HOW TO COMPLETE THIS TASK
Below, find each line holding "Units" and state how many there are, using the number alone.

DATA FOR THIS EXERCISE
----------------

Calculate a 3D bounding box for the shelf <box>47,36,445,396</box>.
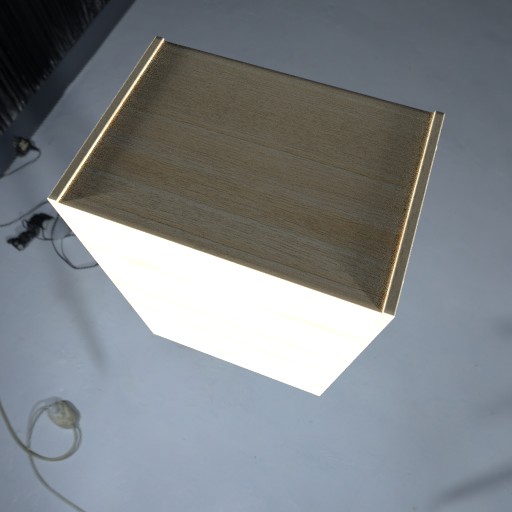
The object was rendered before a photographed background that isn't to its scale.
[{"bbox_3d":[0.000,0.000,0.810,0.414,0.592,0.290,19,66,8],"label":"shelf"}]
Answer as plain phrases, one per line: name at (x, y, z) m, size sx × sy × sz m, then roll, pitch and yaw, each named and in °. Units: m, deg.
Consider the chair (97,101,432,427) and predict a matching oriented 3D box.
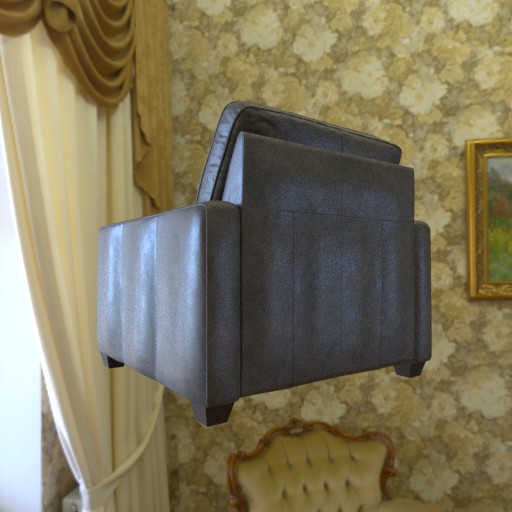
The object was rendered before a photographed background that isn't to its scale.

----------------

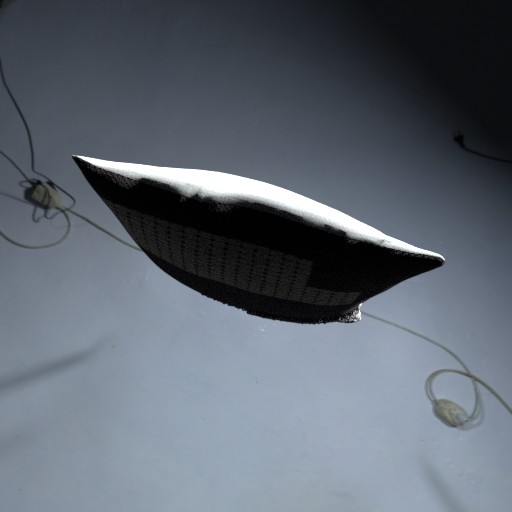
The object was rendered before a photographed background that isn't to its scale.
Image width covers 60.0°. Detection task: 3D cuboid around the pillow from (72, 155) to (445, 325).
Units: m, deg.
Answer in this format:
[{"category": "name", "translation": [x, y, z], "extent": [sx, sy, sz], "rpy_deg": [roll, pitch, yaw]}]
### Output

----------------

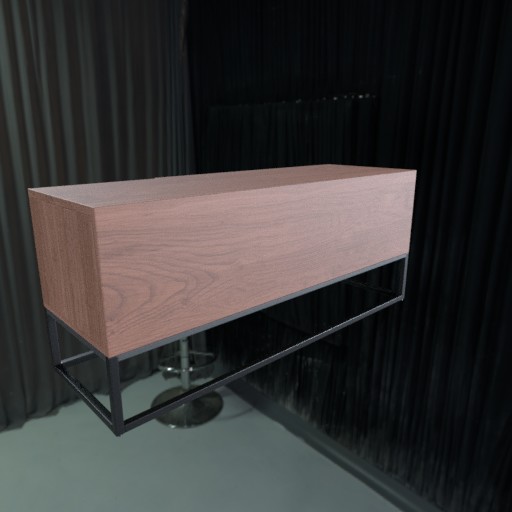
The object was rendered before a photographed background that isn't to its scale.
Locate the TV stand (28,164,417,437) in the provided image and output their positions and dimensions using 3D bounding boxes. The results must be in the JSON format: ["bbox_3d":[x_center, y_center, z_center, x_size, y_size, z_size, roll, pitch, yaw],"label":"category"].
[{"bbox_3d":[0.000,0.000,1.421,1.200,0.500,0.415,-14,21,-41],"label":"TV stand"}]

----------------

RESPONSE TO THE EXERCISE
2